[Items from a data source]
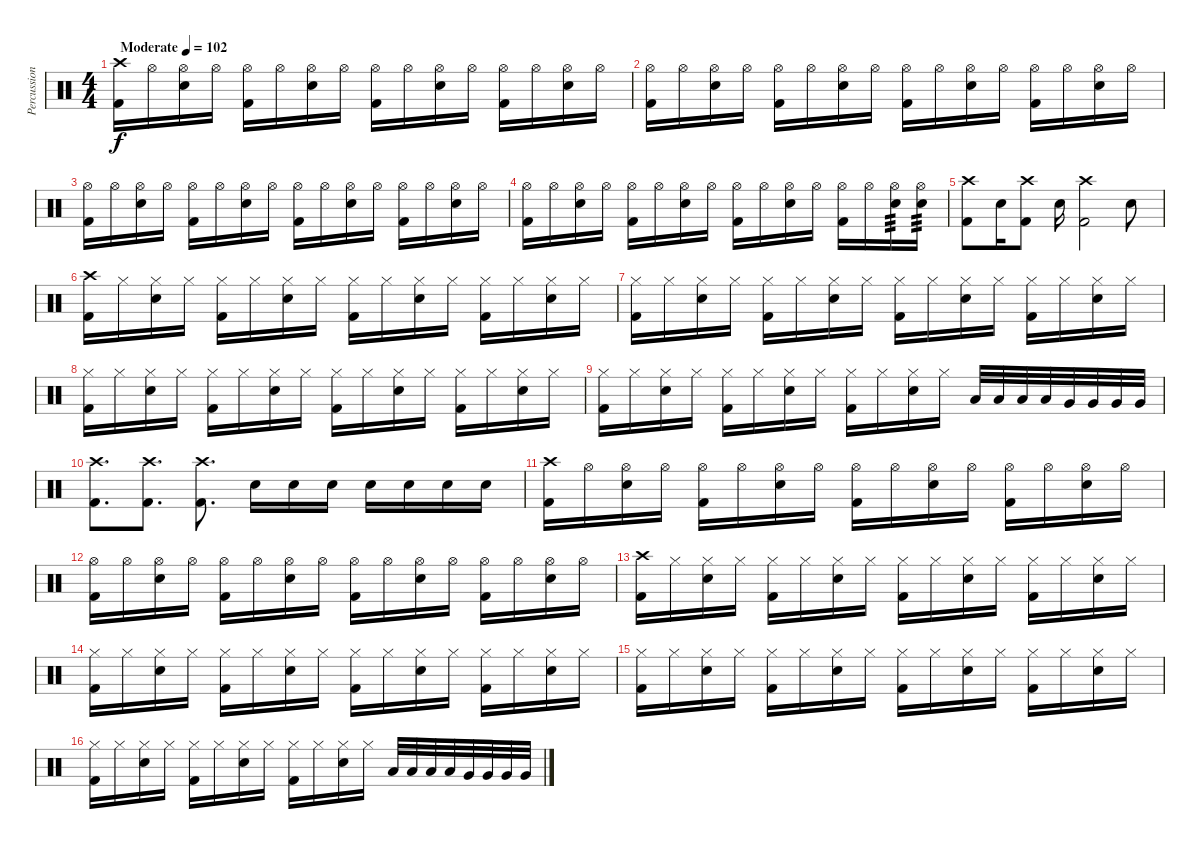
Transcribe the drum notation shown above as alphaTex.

\track ("Percussion" "Percussion") {instrument percussion}
\staff {score}
\articulation defaults
\ts (4 4)
\tempo (102 "Moderate")
\clef neutral
\ks c
("Crash high (hit)" "Kick (hit) 2").16{dy f} "Hi-Hat (open)".16 ("Hi-Hat (open)" "Snare (hit) 2").16 "Hi-Hat (open)".16 ("Hi-Hat (open)" "Kick (hit) 2").16 "Hi-Hat (open)".16 ("Hi-Hat (open)" "Snare (hit) 2").16 "Hi-Hat (open)".16 ("Hi-Hat (open)" "Kick (hit) 2").16 "Hi-Hat (open)".16 ("Hi-Hat (open)" "Snare (hit) 2").16 "Hi-Hat (open)".16 ("Hi-Hat (open)" "Kick (hit) 2").16 "Hi-Hat (open)".16 ("Hi-Hat (open)" "Snare (hit) 2").16 "Hi-Hat (open)".16 |
("Hi-Hat (open)" "Kick (hit) 2").16 "Hi-Hat (open)".16 ("Hi-Hat (open)" "Snare (hit) 2").16 "Hi-Hat (open)".16 ("Hi-Hat (open)" "Kick (hit) 2").16 "Hi-Hat (open)".16 ("Hi-Hat (open)" "Snare (hit) 2").16 "Hi-Hat (open)".16 ("Hi-Hat (open)" "Kick (hit) 2").16 "Hi-Hat (open)".16 ("Hi-Hat (open)" "Snare (hit) 2").16 "Hi-Hat (open)".16 ("Hi-Hat (open)" "Kick (hit) 2").16 "Hi-Hat (open)".16 ("Hi-Hat (open)" "Snare (hit) 2").16 "Hi-Hat (open)".16 |
("Hi-Hat (open)" "Kick (hit) 2").16 "Hi-Hat (open)".16 ("Hi-Hat (open)" "Snare (hit) 2").16 "Hi-Hat (open)".16 ("Hi-Hat (open)" "Kick (hit) 2").16 "Hi-Hat (open)".16 ("Hi-Hat (open)" "Snare (hit) 2").16 "Hi-Hat (open)".16 ("Hi-Hat (open)" "Kick (hit) 2").16 "Hi-Hat (open)".16 ("Hi-Hat (open)" "Snare (hit) 2").16 "Hi-Hat (open)".16 ("Hi-Hat (open)" "Kick (hit) 2").16 "Hi-Hat (open)".16 ("Hi-Hat (open)" "Snare (hit) 2").16 "Hi-Hat (open)".16 |
("Hi-Hat (open)" "Kick (hit) 2").16 "Hi-Hat (open)".16 ("Hi-Hat (open)" "Snare (hit) 2").16 "Hi-Hat (open)".16 ("Hi-Hat (open)" "Kick (hit) 2").16 "Hi-Hat (open)".16 ("Hi-Hat (open)" "Snare (hit) 2").16 "Hi-Hat (open)".16 ("Hi-Hat (open)" "Kick (hit) 2").16 "Hi-Hat (open)".16 ("Hi-Hat (open)" "Snare (hit) 2").16 "Hi-Hat (open)".16 ("Hi-Hat (open)" "Kick (hit) 2").16 "Hi-Hat (open)".16 ("Hi-Hat (open)" "Snare (hit) 2").16{tp 3} ("Hi-Hat (open)" "Snare (hit) 2").16{tp 3} |
("Crash high (hit)" "Kick (hit) 2").8 "Snare (hit) 2".16 ("Crash high (hit)" "Kick (hit) 2").8 "Snare (hit) 2".16 ("Crash high (hit)" "Kick (hit) 2").2 "Snare (hit) 2".8 |
("Crash high (hit)" "Kick (hit) 2").16 "Hi-Hat (closed)".16 ("Hi-Hat (closed)" "Snare (hit) 2").16 "Hi-Hat (closed)".16 ("Hi-Hat (closed)" "Kick (hit) 2").16 "Hi-Hat (closed)".16 ("Hi-Hat (closed)" "Snare (hit) 2").16 "Hi-Hat (closed)".16 ("Hi-Hat (closed)" "Kick (hit) 2").16 "Hi-Hat (closed)".16 ("Hi-Hat (closed)" "Snare (hit) 2").16 "Hi-Hat (closed)".16 ("Hi-Hat (closed)" "Kick (hit) 2").16 "Hi-Hat (closed)".16 ("Hi-Hat (closed)" "Snare (hit) 2").16 "Hi-Hat (closed)".16 |
("Hi-Hat (closed)" "Kick (hit) 2").16 "Hi-Hat (closed)".16 ("Hi-Hat (closed)" "Snare (hit) 2").16 "Hi-Hat (closed)".16 ("Hi-Hat (closed)" "Kick (hit) 2").16 "Hi-Hat (closed)".16 ("Hi-Hat (closed)" "Snare (hit) 2").16 "Hi-Hat (closed)".16 ("Hi-Hat (closed)" "Kick (hit) 2").16 "Hi-Hat (closed)".16 ("Hi-Hat (closed)" "Snare (hit) 2").16 "Hi-Hat (closed)".16 ("Hi-Hat (closed)" "Kick (hit) 2").16 "Hi-Hat (closed)".16 ("Hi-Hat (closed)" "Snare (hit) 2").16 "Hi-Hat (closed)".16 |
("Hi-Hat (closed)" "Kick (hit) 2").16 "Hi-Hat (closed)".16 ("Hi-Hat (closed)" "Snare (hit) 2").16 "Hi-Hat (closed)".16 ("Hi-Hat (closed)" "Kick (hit) 2").16 "Hi-Hat (closed)".16 ("Hi-Hat (closed)" "Snare (hit) 2").16 "Hi-Hat (closed)".16 ("Hi-Hat (closed)" "Kick (hit) 2").16 "Hi-Hat (closed)".16 ("Hi-Hat (closed)" "Snare (hit) 2").16 "Hi-Hat (closed)".16 ("Hi-Hat (closed)" "Kick (hit) 2").16 "Hi-Hat (closed)".16 ("Hi-Hat (closed)" "Snare (hit) 2").16 "Hi-Hat (closed)".16 |
("Hi-Hat (closed)" "Kick (hit) 2").16 "Hi-Hat (closed)".16 ("Hi-Hat (closed)" "Snare (hit) 2").16 "Hi-Hat (closed)".16 ("Hi-Hat (closed)" "Kick (hit) 2").16 "Hi-Hat (closed)".16 ("Hi-Hat (closed)" "Snare (hit) 2").16 "Hi-Hat (closed)".16 ("Hi-Hat (closed)" "Kick (hit) 2").16 "Hi-Hat (closed)".16 ("Hi-Hat (closed)" "Snare (hit) 2").16 "Hi-Hat (closed)".16 "Low Tom (hit)".32 "Low Tom (hit)".32 "Low Tom (hit)".32 "Low Tom (hit)".32 "Very Low Tom (hit)".32 "Very Low Tom (hit)".32 "Very Low Tom (hit)".32 "Very Low Tom (hit)".32 |
("Crash high (hit)" "Kick (hit) 2").8{d} ("Crash high (hit)" "Kick (hit) 2").8{d} ("Crash high (hit)" "Kick (hit) 2").8{d} "Snare (hit) 2".16 "Snare (hit) 2".16 "Snare (hit) 2".16 "Snare (hit) 2".16 "Snare (hit) 2".16 "Snare (hit) 2".16 "Snare (hit) 2".16 |
("Crash high (hit)" "Kick (hit) 2").16 "Hi-Hat (open)".16 ("Hi-Hat (open)" "Snare (hit) 2").16 "Hi-Hat (open)".16 ("Hi-Hat (open)" "Kick (hit) 2").16 "Hi-Hat (open)".16 ("Hi-Hat (open)" "Snare (hit) 2").16 "Hi-Hat (open)".16 ("Hi-Hat (open)" "Kick (hit) 2").16 "Hi-Hat (open)".16 ("Hi-Hat (open)" "Snare (hit) 2").16 "Hi-Hat (open)".16 ("Hi-Hat (open)" "Kick (hit) 2").16 "Hi-Hat (open)".16 ("Hi-Hat (open)" "Snare (hit) 2").16 "Hi-Hat (open)".16 |
("Hi-Hat (open)" "Kick (hit) 2").16 "Hi-Hat (open)".16 ("Hi-Hat (open)" "Snare (hit) 2").16 "Hi-Hat (open)".16 ("Hi-Hat (open)" "Kick (hit) 2").16 "Hi-Hat (open)".16 ("Hi-Hat (open)" "Snare (hit) 2").16 "Hi-Hat (open)".16 ("Hi-Hat (open)" "Kick (hit) 2").16 "Hi-Hat (open)".16 ("Hi-Hat (open)" "Snare (hit) 2").16 "Hi-Hat (open)".16 ("Hi-Hat (open)" "Kick (hit) 2").16 "Hi-Hat (open)".16 ("Hi-Hat (open)" "Snare (hit) 2").16 "Hi-Hat (open)".16 |
("Crash high (hit)" "Kick (hit) 2").16 "Hi-Hat (closed)".16 ("Hi-Hat (closed)" "Snare (hit) 2").16 "Hi-Hat (closed)".16 ("Hi-Hat (closed)" "Kick (hit) 2").16 "Hi-Hat (closed)".16 ("Hi-Hat (closed)" "Snare (hit) 2").16 "Hi-Hat (closed)".16 ("Hi-Hat (closed)" "Kick (hit) 2").16 "Hi-Hat (closed)".16 ("Hi-Hat (closed)" "Snare (hit) 2").16 "Hi-Hat (closed)".16 ("Hi-Hat (closed)" "Kick (hit) 2").16 "Hi-Hat (closed)".16 ("Hi-Hat (closed)" "Snare (hit) 2").16 "Hi-Hat (closed)".16 |
("Hi-Hat (closed)" "Kick (hit) 2").16 "Hi-Hat (closed)".16 ("Hi-Hat (closed)" "Snare (hit) 2").16 "Hi-Hat (closed)".16 ("Hi-Hat (closed)" "Kick (hit) 2").16 "Hi-Hat (closed)".16 ("Hi-Hat (closed)" "Snare (hit) 2").16 "Hi-Hat (closed)".16 ("Hi-Hat (closed)" "Kick (hit) 2").16 "Hi-Hat (closed)".16 ("Hi-Hat (closed)" "Snare (hit) 2").16 "Hi-Hat (closed)".16 ("Hi-Hat (closed)" "Kick (hit) 2").16 "Hi-Hat (closed)".16 ("Hi-Hat (closed)" "Snare (hit) 2").16 "Hi-Hat (closed)".16 |
("Hi-Hat (closed)" "Kick (hit) 2").16 "Hi-Hat (closed)".16 ("Hi-Hat (closed)" "Snare (hit) 2").16 "Hi-Hat (closed)".16 ("Hi-Hat (closed)" "Kick (hit) 2").16 "Hi-Hat (closed)".16 ("Hi-Hat (closed)" "Snare (hit) 2").16 "Hi-Hat (closed)".16 ("Hi-Hat (closed)" "Kick (hit) 2").16 "Hi-Hat (closed)".16 ("Hi-Hat (closed)" "Snare (hit) 2").16 "Hi-Hat (closed)".16 ("Hi-Hat (closed)" "Kick (hit) 2").16 "Hi-Hat (closed)".16 ("Hi-Hat (closed)" "Snare (hit) 2").16 "Hi-Hat (closed)".16 |
("Hi-Hat (closed)" "Kick (hit) 2").16 "Hi-Hat (closed)".16 ("Hi-Hat (closed)" "Snare (hit) 2").16 "Hi-Hat (closed)".16 ("Hi-Hat (closed)" "Kick (hit) 2").16 "Hi-Hat (closed)".16 ("Hi-Hat (closed)" "Snare (hit) 2").16 "Hi-Hat (closed)".16 ("Hi-Hat (closed)" "Kick (hit) 2").16 "Hi-Hat (closed)".16 ("Hi-Hat (closed)" "Snare (hit) 2").16 "Hi-Hat (closed)".16 "Low Tom (hit)".32 "Low Tom (hit)".32 "Low Tom (hit)".32 "Low Tom (hit)".32 "Very Low Tom (hit)".32 "Very Low Tom (hit)".32 "Very Low Tom (hit)".32 "Very Low Tom (hit)".32

Work instructions: Above are the records; report each line in them that includes the word "Very".

Written reply:
("Hi-Hat (closed)" "Kick (hit) 2").16 "Hi-Hat (closed)".16 ("Hi-Hat (closed)" "Snare (hit) 2").16 "Hi-Hat (closed)".16 ("Hi-Hat (closed)" "Kick (hit) 2").16 "Hi-Hat (closed)".16 ("Hi-Hat (closed)" "Snare (hit) 2").16 "Hi-Hat (closed)".16 ("Hi-Hat (closed)" "Kick (hit) 2").16 "Hi-Hat (closed)".16 ("Hi-Hat (closed)" "Snare (hit) 2").16 "Hi-Hat (closed)".16 "Low Tom (hit)".32 "Low Tom (hit)".32 "Low Tom (hit)".32 "Low Tom (hit)".32 "Very Low Tom (hit)".32 "Very Low Tom (hit)".32 "Very Low Tom (hit)".32 "Very Low Tom (hit)".32 |
("Hi-Hat (closed)" "Kick (hit) 2").16 "Hi-Hat (closed)".16 ("Hi-Hat (closed)" "Snare (hit) 2").16 "Hi-Hat (closed)".16 ("Hi-Hat (closed)" "Kick (hit) 2").16 "Hi-Hat (closed)".16 ("Hi-Hat (closed)" "Snare (hit) 2").16 "Hi-Hat (closed)".16 ("Hi-Hat (closed)" "Kick (hit) 2").16 "Hi-Hat (closed)".16 ("Hi-Hat (closed)" "Snare (hit) 2").16 "Hi-Hat (closed)".16 "Low Tom (hit)".32 "Low Tom (hit)".32 "Low Tom (hit)".32 "Low Tom (hit)".32 "Very Low Tom (hit)".32 "Very Low Tom (hit)".32 "Very Low Tom (hit)".32 "Very Low Tom (hit)".32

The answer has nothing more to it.